The Gory 1938 NFL Injury That Peeled A Player's Entire Scalp Off His Head

For millions around the world, "football" refers to soccer. For millions more, "football" is American football. Fans of both sports often have spirited debates about the virtues of each, and there are some significant differences between the two beyond linguistic semantics.

In soccer, the ball spends much more time at the feet of players than it ever does in football. Other than the goalkeeper in the penalty area and for throw-ins, a soccer ball should never be handled during play, and doing so constitutes a handball offense. In a split second, of course, it can be difficult to determine whether a player obstructed the ball with some portion of their arm on purpose or not.
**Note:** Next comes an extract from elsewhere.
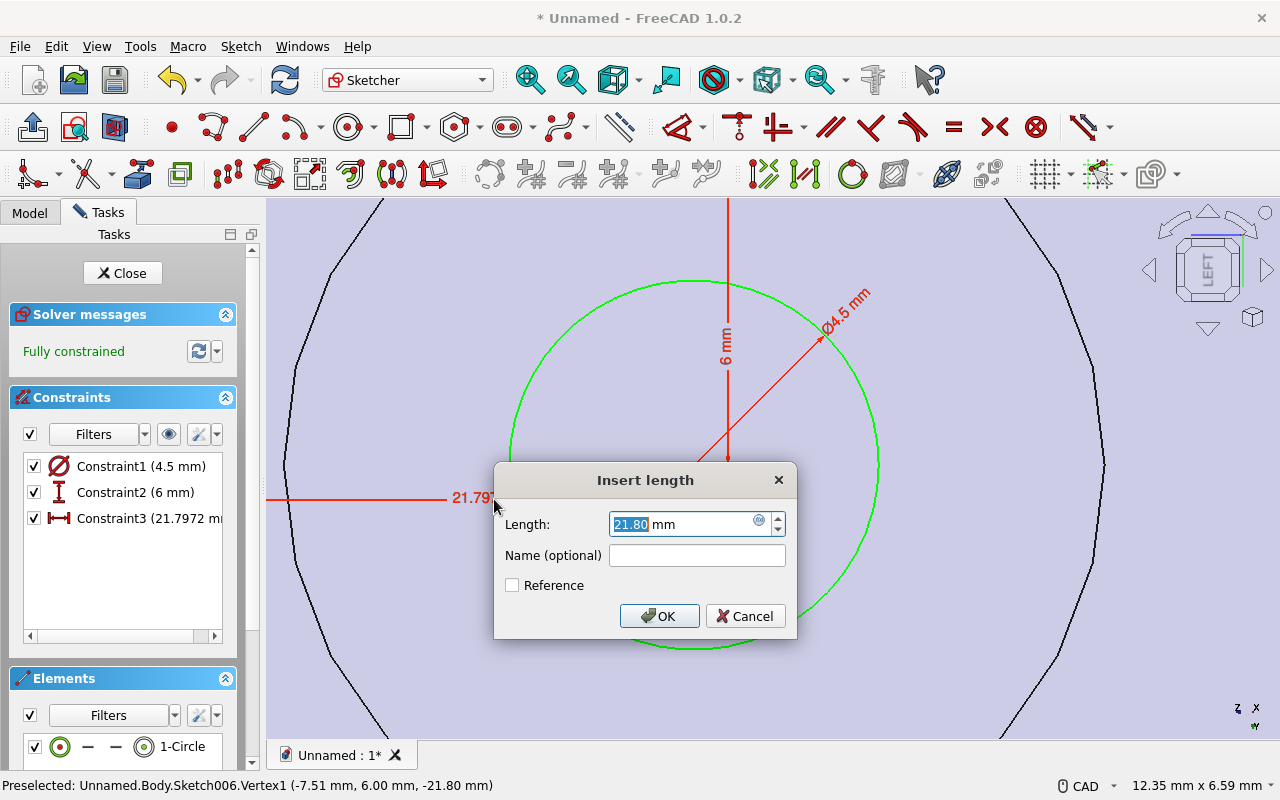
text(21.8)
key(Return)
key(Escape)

So much so, in fact, that a March 2021 meeting of The International Football Association Board saw FIFA attempt to clarify: "A player is considered to have made their body unnaturally bigger when the position of their hand/arm is not a consequence of, or justifiable by, the player's body movement for that specific situation."

While injuries are certainly common in soccer, American football injuries are often on a whole different level, which is the reason for many of the sport's rules and gear requirements. Players wear those iconic helmets for a very good reason,  as one player discovered during a shocking accident in an NFL match in 1938.
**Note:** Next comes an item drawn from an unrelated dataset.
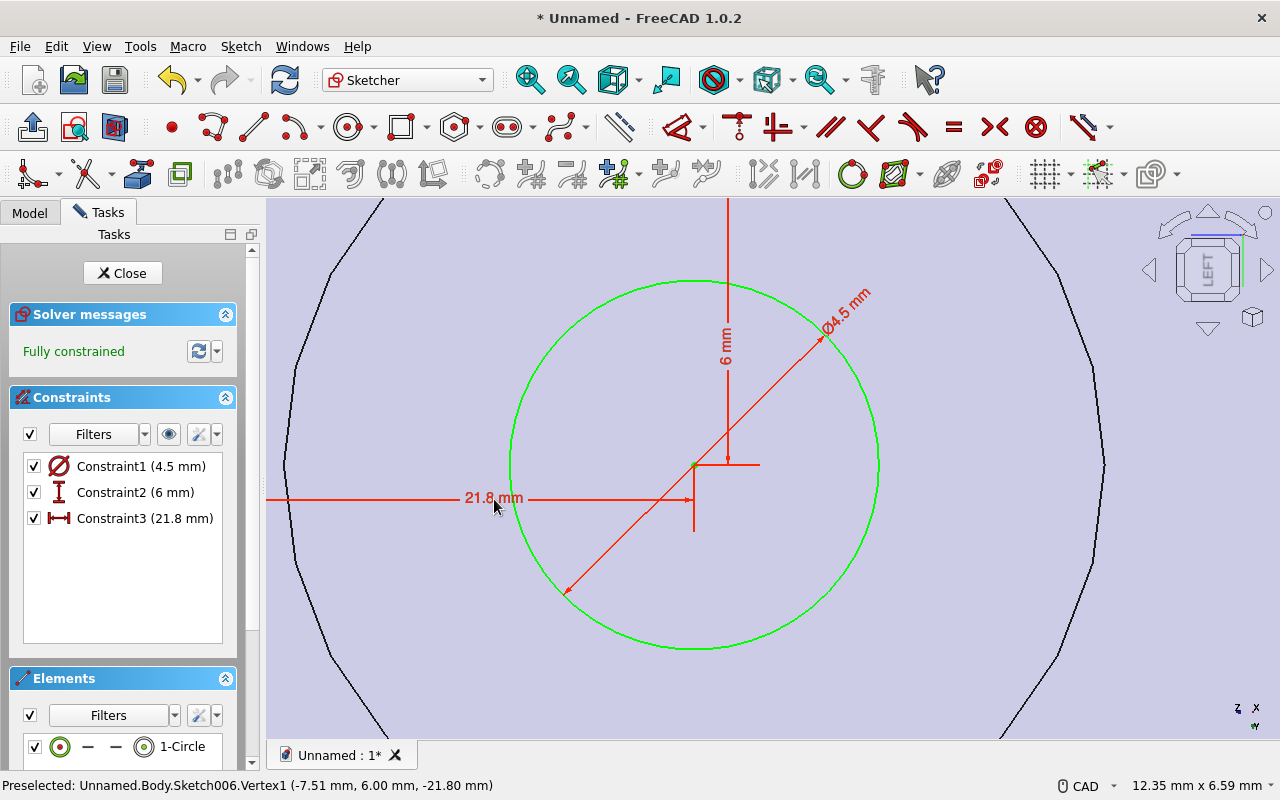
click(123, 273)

Every sport has its grisly injuries

As is plain to anybody who has watched the two sports, football is a great deal more physical than soccer. Though soccer players do seem to enjoy jostling for space during setpieces, just about any contact other than a clean tackle that claims the ball earns the ire of the referee.
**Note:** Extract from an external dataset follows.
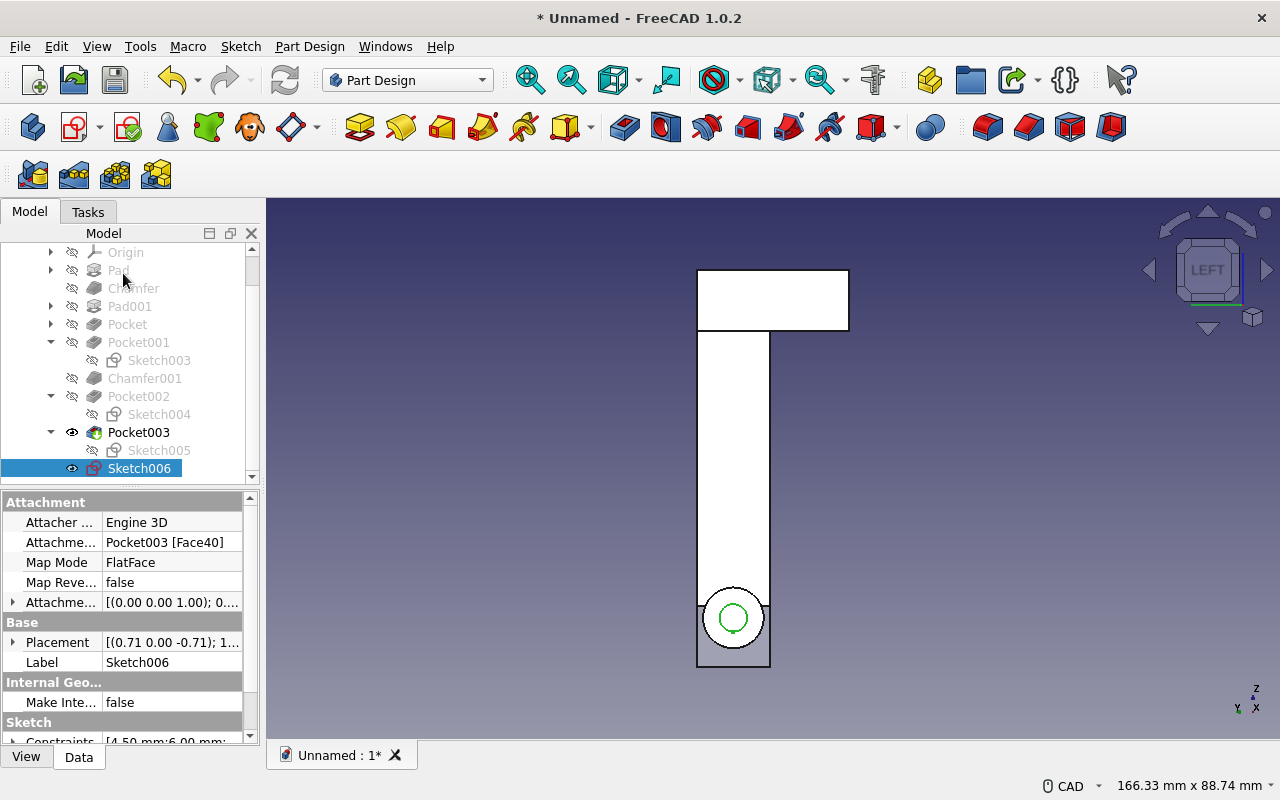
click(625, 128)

Collisions do happen in soccer, though, and they can certainly be brutal. The Premier League's David Busst's infamous accident was perhaps the worst in the Premier League's history. The Times reports that, the Coventry player was engaged in a match against Manchester United at the latter's home ground on April 8, 1996, when opposing players Denis Irwin and Brian McClair both collided with his outstretched leg and he claimed the ball. "In the freak collision Busst's right leg buckled, his tibia and fibula splintering, with bits of bone breaking through his skin," the outlet reports.

26 operations later, Busst would recover enough to play casually with friends, and serves Coventry on the community side. His accident was harrowing, there's no denying, but it seems the NFL's Dick Plasman sustained an injury that was just as hard to stomach. He almost lost his scalp in a fateful collision.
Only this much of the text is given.